§ Work to complete: Your output is the line containing "to (397, 485)." plus all lines after it to the end of the records, reproduced exactly, with nothing else.

§ Entries provided:
┌──

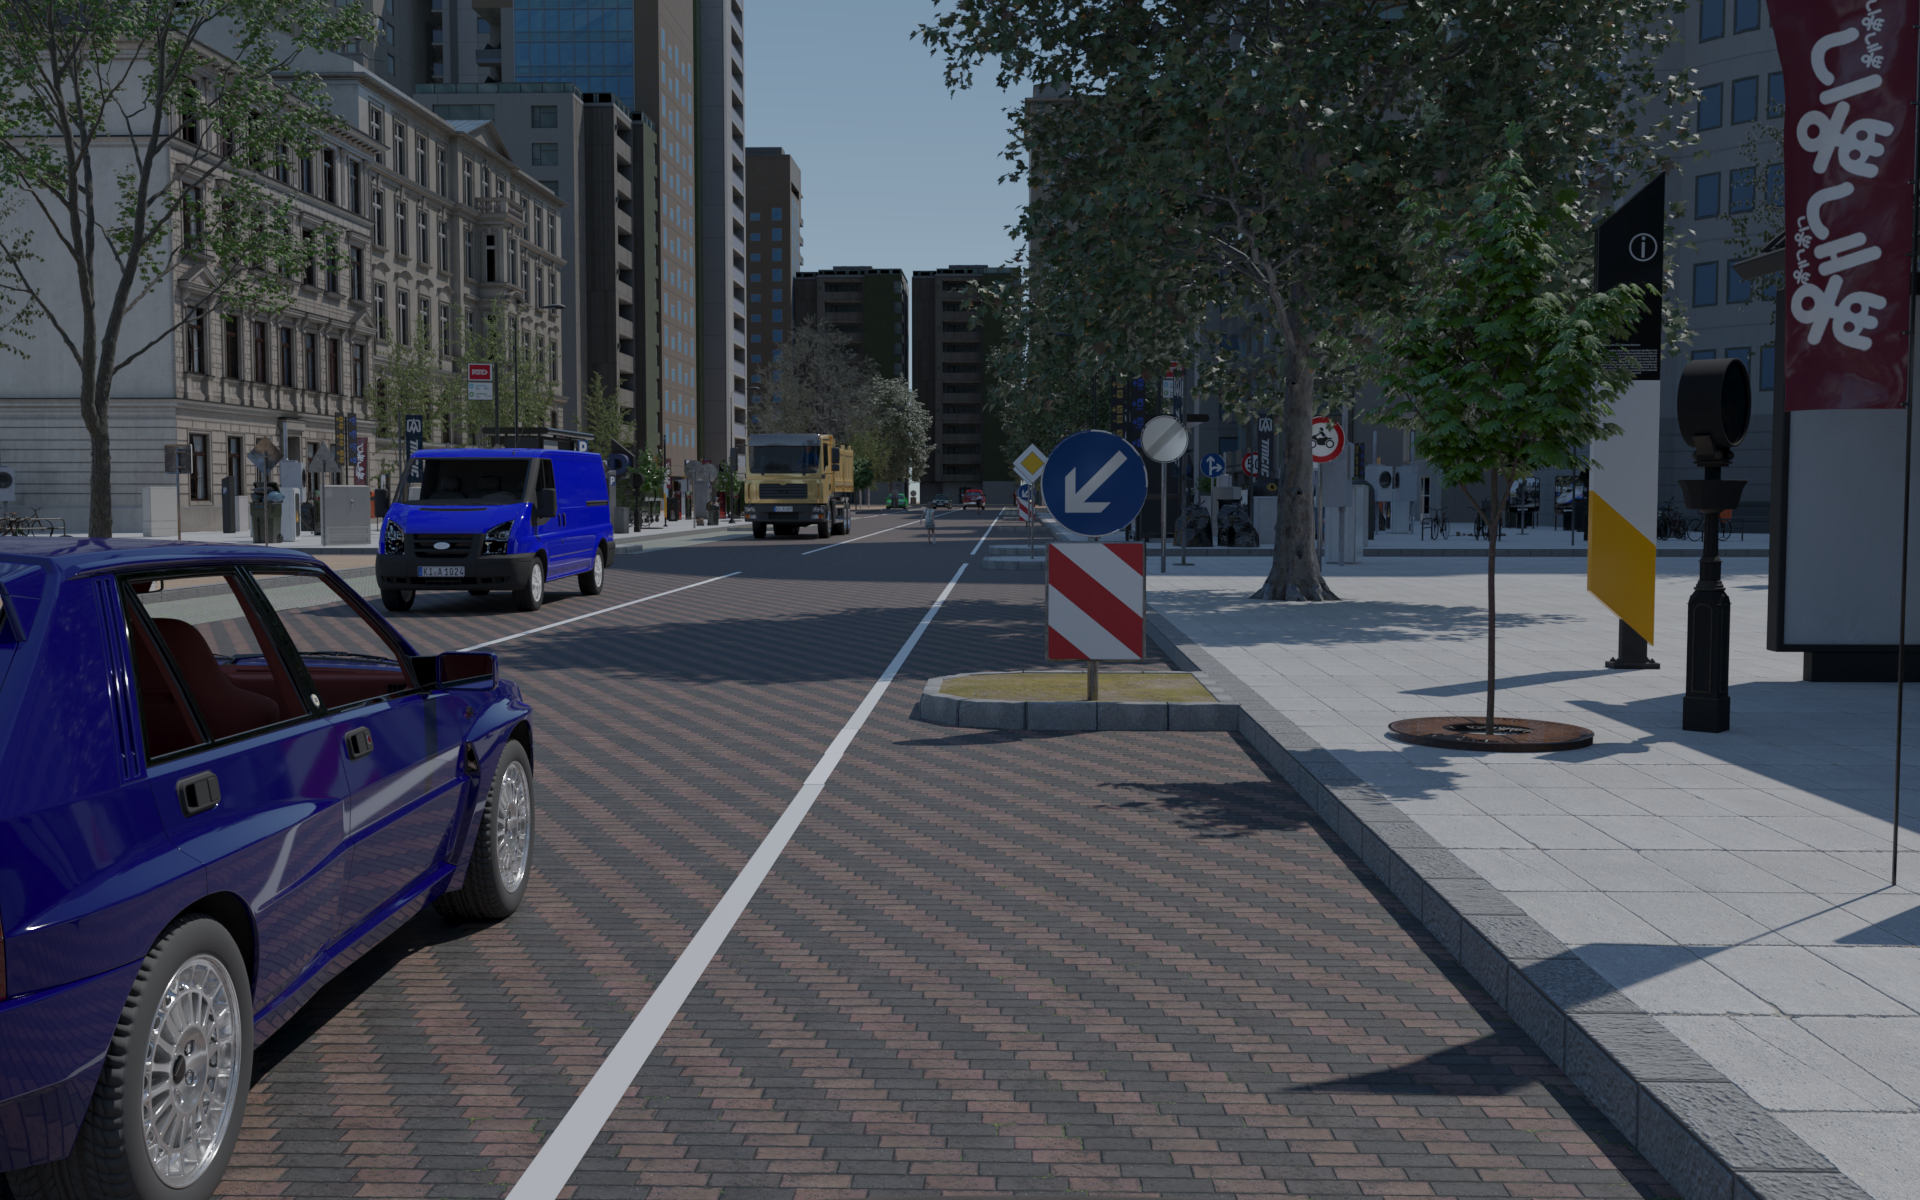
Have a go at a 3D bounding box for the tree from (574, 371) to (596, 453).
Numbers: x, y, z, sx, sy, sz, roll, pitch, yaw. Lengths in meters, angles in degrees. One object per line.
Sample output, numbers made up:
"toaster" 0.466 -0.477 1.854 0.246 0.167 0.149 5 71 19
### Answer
"tree" -19.433 -7.696 76.198 4.737 8.622 4.395 0 3 0

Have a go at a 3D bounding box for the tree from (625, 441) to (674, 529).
"tree" -11.556 -4.221 63.608 1.663 3.219 1.824 0 3 0

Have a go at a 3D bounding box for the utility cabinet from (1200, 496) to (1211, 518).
"utility cabinet" 8.424 -2.878 58.210 0.306 1.237 1.020 -1 4 -16

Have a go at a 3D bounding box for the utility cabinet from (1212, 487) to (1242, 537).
"utility cabinet" 7.886 -2.596 51.130 0.318 1.500 1.173 -1 4 -21

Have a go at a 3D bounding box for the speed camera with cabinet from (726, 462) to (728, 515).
"speed camera with cabinet" -13.775 -6.953 108.015 2.038 3.252 0.660 1 4 18

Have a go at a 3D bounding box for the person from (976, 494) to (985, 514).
"person" 1.426 -6.732 121.751 0.628 1.438 0.799 0 4 1

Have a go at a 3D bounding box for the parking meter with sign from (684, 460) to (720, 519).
"parking meter with sign" -13.015 -5.585 87.571 1.738 3.016 0.543 1 4 17

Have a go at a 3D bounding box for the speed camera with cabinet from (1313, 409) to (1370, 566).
"speed camera with cabinet" 6.925 -2.277 31.573 0.660 3.252 2.038 1 4 21

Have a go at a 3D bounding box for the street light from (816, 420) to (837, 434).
"street light" -8.382 -8.285 108.007 1.470 5.913 1.316 0 4 2

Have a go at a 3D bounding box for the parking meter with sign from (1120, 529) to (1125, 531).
"parking meter with sign" 5.060 -3.904 60.087 0.543 3.016 1.738 -3 4 -39

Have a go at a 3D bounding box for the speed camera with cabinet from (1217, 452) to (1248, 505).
"speed camera with cabinet" 13.164 -5.348 81.776 2.038 3.252 0.660 0 4 4

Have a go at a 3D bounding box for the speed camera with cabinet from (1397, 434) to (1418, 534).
"speed camera with cabinet" 14.215 -3.758 55.786 0.660 3.252 2.038 0 4 2

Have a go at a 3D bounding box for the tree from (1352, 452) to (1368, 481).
"tree" 21.804 -7.120 100.123 4.285 4.588 4.351 0 3 0

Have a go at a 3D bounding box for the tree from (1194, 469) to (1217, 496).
"tree" 15.660 -7.001 109.074 1.663 3.219 1.824 0 3 0

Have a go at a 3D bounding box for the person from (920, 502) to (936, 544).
"person" -0.914 -2.201 49.499 0.505 1.210 0.382 1 4 12

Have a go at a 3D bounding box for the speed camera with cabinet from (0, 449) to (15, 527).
"speed camera with cabinet" -31.700 -3.764 55.883 2.038 3.252 0.660 -3 5 -42

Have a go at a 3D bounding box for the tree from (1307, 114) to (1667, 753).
"tree" 2.807 -0.873 8.870 1.663 3.219 1.824 0 3 0

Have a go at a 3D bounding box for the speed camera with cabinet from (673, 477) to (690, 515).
"speed camera with cabinet" -17.197 -6.888 106.953 0.660 3.252 2.038 -1 4 -23

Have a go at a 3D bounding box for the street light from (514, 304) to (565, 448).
"street light" -10.348 -4.280 42.517 1.470 5.913 1.316 0 4 2

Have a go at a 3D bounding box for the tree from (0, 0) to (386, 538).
"tree" -11.929 -5.999 23.837 9.928 11.665 9.643 0 3 0

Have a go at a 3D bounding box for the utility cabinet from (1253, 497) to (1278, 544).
"utility cabinet" 8.027 -2.028 44.319 1.020 1.237 0.306 -1 4 -20

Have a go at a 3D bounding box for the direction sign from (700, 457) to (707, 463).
"direction sign" -15.578 -6.929 105.292 0.379 3.537 0.876 1 4 21

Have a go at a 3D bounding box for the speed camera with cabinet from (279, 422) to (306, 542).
"speed camera with cabinet" -18.276 -3.233 47.198 0.660 3.252 2.038 -1 4 -12

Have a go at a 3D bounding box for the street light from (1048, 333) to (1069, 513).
"street light" 3.362 -4.736 49.978 1.470 5.913 1.316 0 4 2

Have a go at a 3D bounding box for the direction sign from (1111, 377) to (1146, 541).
"direction sign" 3.149 -2.479 32.521 0.379 3.537 0.876 -3 5 -40

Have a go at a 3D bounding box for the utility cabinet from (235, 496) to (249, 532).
"utility cabinet" -24.698 -2.948 59.355 0.306 1.237 1.020 0 4 -6

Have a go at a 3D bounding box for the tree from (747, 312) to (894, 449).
"tree" -9.323 -12.631 116.885 12.009 13.543 11.850 0 3 0

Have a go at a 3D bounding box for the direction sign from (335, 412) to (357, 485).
"direction sign" -17.097 -3.443 48.298 0.379 3.537 0.876 1 4 19

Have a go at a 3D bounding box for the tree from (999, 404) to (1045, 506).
"tree" 8.882 -17.065 185.675 9.857 13.997 8.962 0 3 0

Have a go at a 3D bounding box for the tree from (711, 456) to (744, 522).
"tree" -10.643 -5.287 81.040 1.663 3.219 1.824 0 3 0

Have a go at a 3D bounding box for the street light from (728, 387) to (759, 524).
"street light" -9.394 -6.283 75.263 1.470 5.913 1.316 0 4 2

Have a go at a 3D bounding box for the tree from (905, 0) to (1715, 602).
"tree" 4.156 -6.339 20.656 9.611 12.733 9.660 0 3 0

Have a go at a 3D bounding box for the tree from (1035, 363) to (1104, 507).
"tree" 5.514 -8.494 89.238 4.737 8.622 4.395 0 3 0

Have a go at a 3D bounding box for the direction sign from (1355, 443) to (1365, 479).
"direction sign" 17.676 -5.179 76.681 0.379 3.537 0.876 -1 4 -13

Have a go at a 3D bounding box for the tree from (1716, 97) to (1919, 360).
"tree" 15.144 -4.868 29.955 4.360 8.622 3.978 0 3 0

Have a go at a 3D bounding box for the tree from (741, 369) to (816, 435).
"tree" -10.439 -9.270 101.920 4.360 8.622 3.978 0 3 0

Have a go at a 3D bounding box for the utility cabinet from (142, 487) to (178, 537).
"utility cabinet" -23.996 -2.645 51.925 0.318 1.500 1.173 1 4 13

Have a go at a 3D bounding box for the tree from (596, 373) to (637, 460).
"tree" -21.094 -9.365 103.485 4.737 8.622 4.395 0 3 0

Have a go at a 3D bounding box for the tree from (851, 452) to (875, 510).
"tree" -8.148 -9.321 136.114 4.285 4.588 4.351 0 3 0

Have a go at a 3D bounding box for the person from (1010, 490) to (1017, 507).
"person" 6.099 -11.153 190.812 1.348 1.831 0.705 -2 4 -27

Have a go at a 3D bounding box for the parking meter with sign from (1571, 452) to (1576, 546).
"parking meter with sign" 15.937 -2.832 42.563 1.738 3.016 0.543 2 4 34

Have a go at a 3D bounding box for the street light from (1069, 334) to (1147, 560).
"street light" 2.942 -3.744 33.752 1.470 5.913 1.316 0 4 2

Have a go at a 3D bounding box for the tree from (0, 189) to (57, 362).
"tree" -18.807 -4.943 31.186 4.360 8.622 3.978 0 3 0

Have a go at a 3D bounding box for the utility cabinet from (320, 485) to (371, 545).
"utility cabinet" -15.361 -2.119 43.318 0.318 1.500 1.173 3 5 44

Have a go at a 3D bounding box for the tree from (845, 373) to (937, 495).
"tree" -7.332 -16.778 180.979 9.857 13.997 8.962 0 3 0

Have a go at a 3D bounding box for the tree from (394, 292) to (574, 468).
"tree" -17.457 -6.944 63.890 4.737 8.622 4.395 0 3 0

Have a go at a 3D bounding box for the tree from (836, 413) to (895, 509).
"tree" -8.827 -12.356 152.384 4.737 8.622 4.395 0 3 0

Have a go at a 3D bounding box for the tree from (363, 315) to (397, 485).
"tree" -21.905 -7.248 68.872 4.737 8.622 4.395 0 3 0

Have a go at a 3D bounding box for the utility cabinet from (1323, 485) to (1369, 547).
"utility cabinet" 9.285 -2.036 41.973 1.173 1.500 0.318 2 4 34

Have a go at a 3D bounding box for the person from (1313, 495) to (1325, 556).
"person" 7.575 -1.683 36.044 0.654 1.822 0.581 0 4 0

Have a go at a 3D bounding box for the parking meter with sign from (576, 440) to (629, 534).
"parking meter with sign" -11.553 -3.664 56.165 1.738 3.016 0.543 1 4 23

└──

§ Response below:
Have a go at a 3D bounding box for the tree from (363, 315) to (397, 485).
"tree" -21.905 -7.248 68.872 4.737 8.622 4.395 0 3 0

Have a go at a 3D bounding box for the utility cabinet from (1323, 485) to (1369, 547).
"utility cabinet" 9.285 -2.036 41.973 1.173 1.500 0.318 2 4 34

Have a go at a 3D bounding box for the person from (1313, 495) to (1325, 556).
"person" 7.575 -1.683 36.044 0.654 1.822 0.581 0 4 0

Have a go at a 3D bounding box for the parking meter with sign from (576, 440) to (629, 534).
"parking meter with sign" -11.553 -3.664 56.165 1.738 3.016 0.543 1 4 23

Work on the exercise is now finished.